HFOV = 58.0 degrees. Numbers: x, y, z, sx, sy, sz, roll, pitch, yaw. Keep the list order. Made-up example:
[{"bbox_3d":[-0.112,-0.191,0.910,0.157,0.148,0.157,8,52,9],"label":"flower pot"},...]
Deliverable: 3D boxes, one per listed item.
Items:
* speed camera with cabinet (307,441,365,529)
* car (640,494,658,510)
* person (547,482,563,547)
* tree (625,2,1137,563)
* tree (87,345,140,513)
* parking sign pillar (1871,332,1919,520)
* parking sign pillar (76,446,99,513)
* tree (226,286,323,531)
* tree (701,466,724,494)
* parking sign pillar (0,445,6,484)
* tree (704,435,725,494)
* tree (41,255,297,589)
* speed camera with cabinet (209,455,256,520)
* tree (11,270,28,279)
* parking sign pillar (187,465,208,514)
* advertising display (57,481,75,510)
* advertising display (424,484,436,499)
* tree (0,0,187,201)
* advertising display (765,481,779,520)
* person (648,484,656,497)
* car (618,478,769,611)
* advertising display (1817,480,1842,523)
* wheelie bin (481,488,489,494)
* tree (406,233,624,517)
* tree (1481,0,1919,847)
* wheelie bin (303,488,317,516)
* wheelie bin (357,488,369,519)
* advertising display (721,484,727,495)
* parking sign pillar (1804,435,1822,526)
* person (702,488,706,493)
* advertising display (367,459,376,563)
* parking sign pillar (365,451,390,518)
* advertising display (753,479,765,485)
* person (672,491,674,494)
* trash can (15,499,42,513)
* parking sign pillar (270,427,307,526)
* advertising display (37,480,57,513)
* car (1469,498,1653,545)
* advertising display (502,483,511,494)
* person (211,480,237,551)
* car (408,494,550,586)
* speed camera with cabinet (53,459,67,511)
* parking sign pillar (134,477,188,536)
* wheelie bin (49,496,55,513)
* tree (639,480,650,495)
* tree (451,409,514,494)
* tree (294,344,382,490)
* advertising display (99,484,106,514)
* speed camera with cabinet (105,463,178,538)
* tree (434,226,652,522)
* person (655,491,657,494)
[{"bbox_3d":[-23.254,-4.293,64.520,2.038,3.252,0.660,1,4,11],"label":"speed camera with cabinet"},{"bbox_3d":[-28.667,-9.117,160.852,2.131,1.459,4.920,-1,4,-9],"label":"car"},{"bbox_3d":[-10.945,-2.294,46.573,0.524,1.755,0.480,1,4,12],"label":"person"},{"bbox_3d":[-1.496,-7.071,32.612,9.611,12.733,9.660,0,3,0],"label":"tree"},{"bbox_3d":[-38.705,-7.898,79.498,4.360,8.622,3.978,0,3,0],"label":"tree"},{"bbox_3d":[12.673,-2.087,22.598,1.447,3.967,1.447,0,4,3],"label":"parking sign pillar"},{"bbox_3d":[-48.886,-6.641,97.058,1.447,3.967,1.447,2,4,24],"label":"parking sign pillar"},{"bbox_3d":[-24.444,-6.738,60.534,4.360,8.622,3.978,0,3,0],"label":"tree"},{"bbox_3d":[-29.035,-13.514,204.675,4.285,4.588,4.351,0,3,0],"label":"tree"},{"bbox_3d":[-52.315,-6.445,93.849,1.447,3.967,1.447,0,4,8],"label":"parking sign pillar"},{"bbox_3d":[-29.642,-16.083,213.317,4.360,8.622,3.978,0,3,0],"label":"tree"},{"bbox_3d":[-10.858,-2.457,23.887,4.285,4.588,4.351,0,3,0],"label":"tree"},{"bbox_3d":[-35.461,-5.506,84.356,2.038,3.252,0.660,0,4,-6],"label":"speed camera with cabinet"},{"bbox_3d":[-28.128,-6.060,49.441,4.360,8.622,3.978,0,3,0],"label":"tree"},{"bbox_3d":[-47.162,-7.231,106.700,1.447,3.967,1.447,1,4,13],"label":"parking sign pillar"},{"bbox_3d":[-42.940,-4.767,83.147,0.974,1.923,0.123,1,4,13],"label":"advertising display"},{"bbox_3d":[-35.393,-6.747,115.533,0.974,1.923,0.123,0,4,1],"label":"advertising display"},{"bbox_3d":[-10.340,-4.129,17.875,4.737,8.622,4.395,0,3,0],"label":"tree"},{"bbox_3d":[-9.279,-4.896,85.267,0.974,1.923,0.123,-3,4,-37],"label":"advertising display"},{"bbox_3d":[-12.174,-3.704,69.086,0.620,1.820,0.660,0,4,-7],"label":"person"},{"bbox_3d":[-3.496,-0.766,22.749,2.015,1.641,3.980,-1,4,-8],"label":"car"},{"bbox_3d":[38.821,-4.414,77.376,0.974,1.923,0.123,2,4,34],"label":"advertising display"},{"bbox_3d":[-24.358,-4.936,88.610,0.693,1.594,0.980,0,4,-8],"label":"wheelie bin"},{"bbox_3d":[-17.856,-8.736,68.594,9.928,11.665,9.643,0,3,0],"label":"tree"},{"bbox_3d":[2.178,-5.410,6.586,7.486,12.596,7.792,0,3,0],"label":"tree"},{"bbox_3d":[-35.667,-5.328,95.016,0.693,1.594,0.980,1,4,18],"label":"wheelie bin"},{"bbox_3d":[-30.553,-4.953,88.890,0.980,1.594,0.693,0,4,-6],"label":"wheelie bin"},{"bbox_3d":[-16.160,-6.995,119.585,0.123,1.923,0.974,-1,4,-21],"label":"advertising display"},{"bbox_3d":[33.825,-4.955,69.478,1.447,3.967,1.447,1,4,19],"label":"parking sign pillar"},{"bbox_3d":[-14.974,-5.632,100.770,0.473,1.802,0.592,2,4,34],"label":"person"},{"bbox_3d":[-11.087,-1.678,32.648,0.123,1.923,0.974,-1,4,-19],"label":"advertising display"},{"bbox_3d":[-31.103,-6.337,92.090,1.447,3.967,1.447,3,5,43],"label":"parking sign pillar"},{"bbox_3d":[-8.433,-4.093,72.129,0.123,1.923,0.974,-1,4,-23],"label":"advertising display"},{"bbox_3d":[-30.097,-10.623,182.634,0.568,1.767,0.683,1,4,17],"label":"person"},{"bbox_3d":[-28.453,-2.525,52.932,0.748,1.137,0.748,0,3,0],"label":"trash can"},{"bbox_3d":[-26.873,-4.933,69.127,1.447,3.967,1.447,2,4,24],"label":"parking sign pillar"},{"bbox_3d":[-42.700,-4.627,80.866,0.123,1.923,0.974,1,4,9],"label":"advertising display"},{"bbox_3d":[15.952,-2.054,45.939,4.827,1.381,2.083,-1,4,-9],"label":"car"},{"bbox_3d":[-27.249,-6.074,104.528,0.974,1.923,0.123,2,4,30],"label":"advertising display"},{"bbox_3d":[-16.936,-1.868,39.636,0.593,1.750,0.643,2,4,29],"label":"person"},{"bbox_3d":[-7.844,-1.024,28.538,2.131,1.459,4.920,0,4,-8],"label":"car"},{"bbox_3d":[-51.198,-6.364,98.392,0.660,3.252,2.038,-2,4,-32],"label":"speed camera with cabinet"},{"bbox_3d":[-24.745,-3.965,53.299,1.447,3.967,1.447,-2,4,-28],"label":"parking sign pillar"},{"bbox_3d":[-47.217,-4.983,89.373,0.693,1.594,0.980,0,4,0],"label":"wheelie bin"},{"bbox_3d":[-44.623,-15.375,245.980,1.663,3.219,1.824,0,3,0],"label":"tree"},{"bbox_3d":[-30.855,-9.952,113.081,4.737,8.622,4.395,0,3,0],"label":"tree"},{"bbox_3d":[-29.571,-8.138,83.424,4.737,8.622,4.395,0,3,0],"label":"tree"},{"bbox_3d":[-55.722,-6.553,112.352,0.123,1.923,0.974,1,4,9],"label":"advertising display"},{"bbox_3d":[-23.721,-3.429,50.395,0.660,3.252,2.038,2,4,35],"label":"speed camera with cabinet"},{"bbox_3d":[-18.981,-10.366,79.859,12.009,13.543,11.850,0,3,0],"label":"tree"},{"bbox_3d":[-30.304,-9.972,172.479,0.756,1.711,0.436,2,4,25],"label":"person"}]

- - -

• _Brief_
Quote the listing word for word from its first line through the line in which "sign pillar (1804,435,1822,526)" appears.

• _Result for this exercise_
HFOV = 58.0 degrees. Numbers: x, y, z, sx, sy, sz, roll, pitch, yaw. Keep the list order. Made-up example:
[{"bbox_3d":[-0.112,-0.191,0.910,0.157,0.148,0.157,8,52,9],"label":"flower pot"},...]
Deliverable: 3D boxes, one per listed item.
Items:
* speed camera with cabinet (307,441,365,529)
* car (640,494,658,510)
* person (547,482,563,547)
* tree (625,2,1137,563)
* tree (87,345,140,513)
* parking sign pillar (1871,332,1919,520)
* parking sign pillar (76,446,99,513)
* tree (226,286,323,531)
* tree (701,466,724,494)
* parking sign pillar (0,445,6,484)
* tree (704,435,725,494)
* tree (41,255,297,589)
* speed camera with cabinet (209,455,256,520)
* tree (11,270,28,279)
* parking sign pillar (187,465,208,514)
* advertising display (57,481,75,510)
* advertising display (424,484,436,499)
* tree (0,0,187,201)
* advertising display (765,481,779,520)
* person (648,484,656,497)
* car (618,478,769,611)
* advertising display (1817,480,1842,523)
* wheelie bin (481,488,489,494)
* tree (406,233,624,517)
* tree (1481,0,1919,847)
* wheelie bin (303,488,317,516)
* wheelie bin (357,488,369,519)
* advertising display (721,484,727,495)
* parking sign pillar (1804,435,1822,526)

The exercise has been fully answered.